[Given records — start]

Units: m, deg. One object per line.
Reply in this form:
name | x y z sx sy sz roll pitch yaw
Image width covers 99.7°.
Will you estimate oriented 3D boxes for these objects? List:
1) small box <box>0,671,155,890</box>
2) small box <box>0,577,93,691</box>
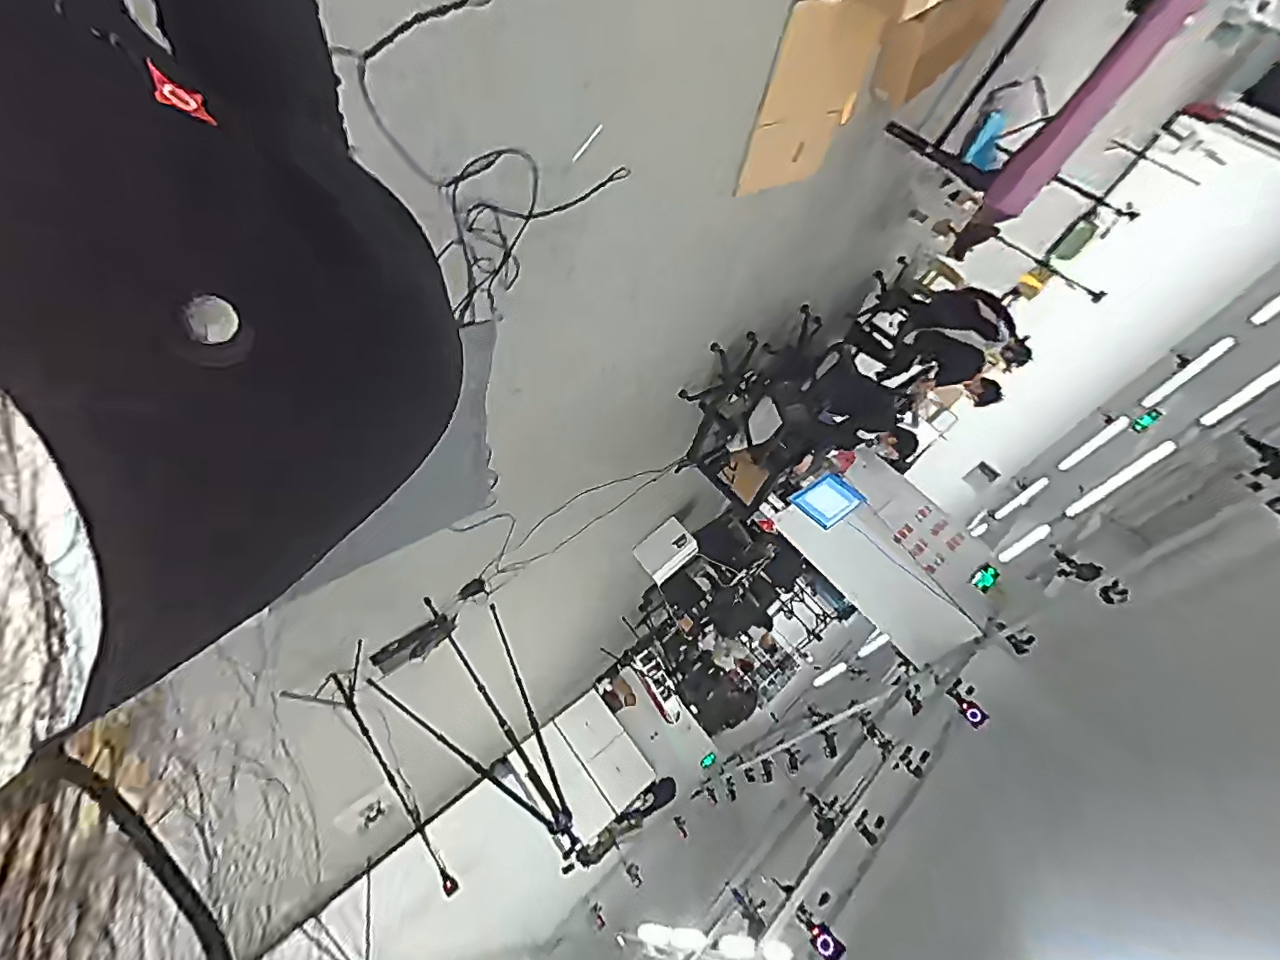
small box | -0.770 0.369 0.668 0.179 0.176 0.168 -31 158 -30
small box | -0.880 0.255 0.709 0.168 0.176 0.179 -31 157 -32
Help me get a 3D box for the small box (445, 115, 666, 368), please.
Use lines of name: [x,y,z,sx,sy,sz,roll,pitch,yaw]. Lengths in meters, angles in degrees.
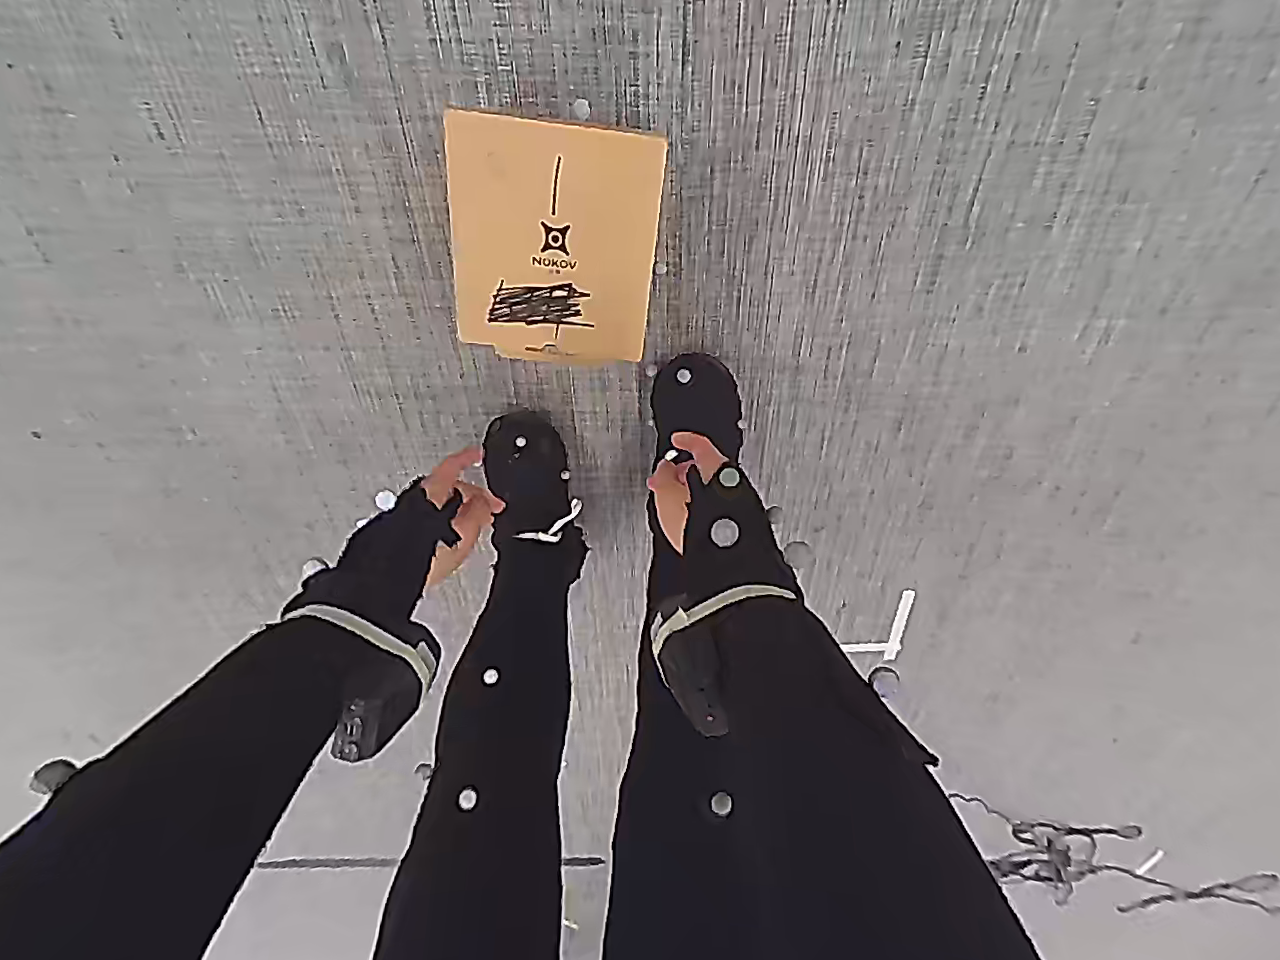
small box: [-0.070,-0.225,0.505,0.168,0.176,0.179,5,122,-4]
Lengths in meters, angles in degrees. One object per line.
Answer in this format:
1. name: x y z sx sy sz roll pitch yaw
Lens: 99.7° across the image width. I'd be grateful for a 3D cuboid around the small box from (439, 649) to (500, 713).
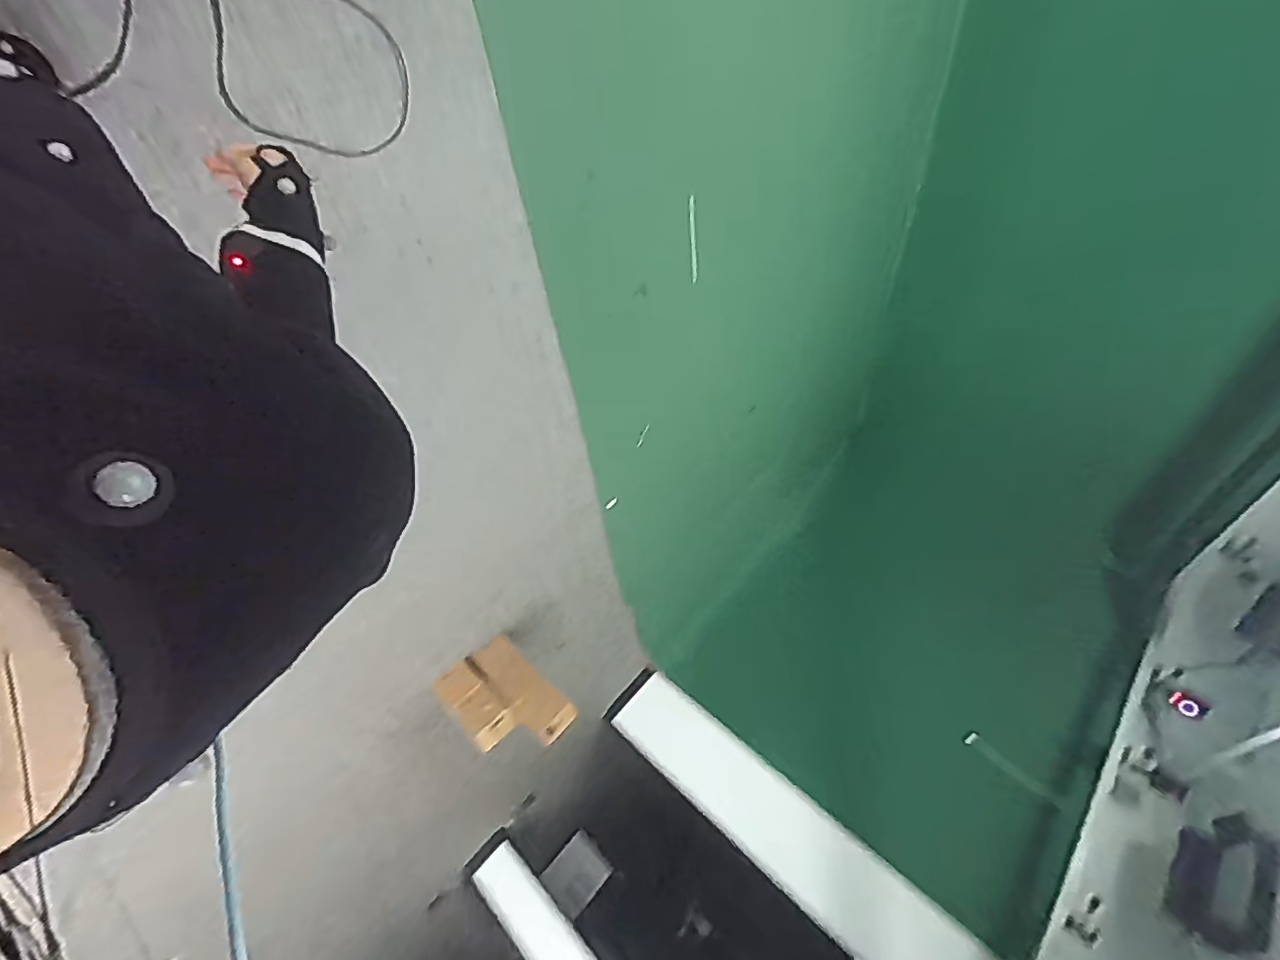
1. small box: -0.756 0.888 2.402 0.168 0.176 0.179 -40 143 -26
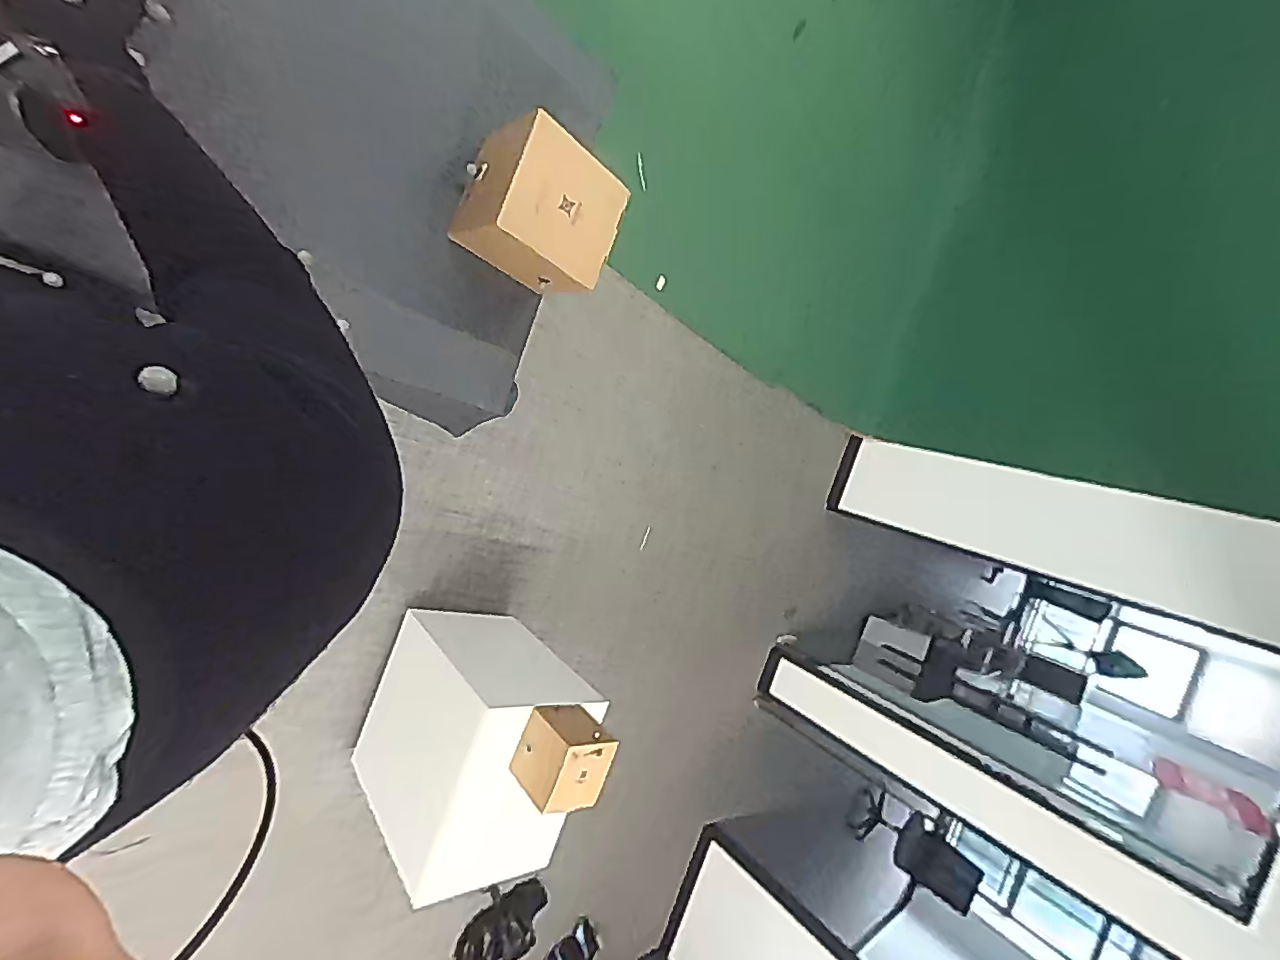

[Given records — finish]

**Required action**
Nothing but the listing, copied exactly and stripped of its images, should appear in the response.

**Solution to this exercise**
Units: m, deg. One object per line.
Reply in this form:
name | x y z sx sy sz roll pitch yaw
Image width covers 99.7°.
Will you estimate oriented 3D boxes for these objects? List:
1) small box <box>0,671,155,890</box>
2) small box <box>0,577,93,691</box>
small box | -0.770 0.369 0.668 0.179 0.176 0.168 -31 158 -30
small box | -0.880 0.255 0.709 0.168 0.176 0.179 -31 157 -32
Help me get a 3D box for the small box (445, 115, 666, 368), please.
Use lines of name: [x,y,z,sx,sy,sz,roll,pitch,yaw]. Lengths in meters, angles in degrees.
small box: [-0.070,-0.225,0.505,0.168,0.176,0.179,5,122,-4]
Lengths in meters, angles in degrees. One object per line.
Answer in this format:
1. name: x y z sx sy sz roll pitch yaw
Lens: 99.7° across the image width. I'd be grateful for a 3D cuboid around the small box from (439, 649) to (500, 713).
1. small box: -0.756 0.888 2.402 0.168 0.176 0.179 -40 143 -26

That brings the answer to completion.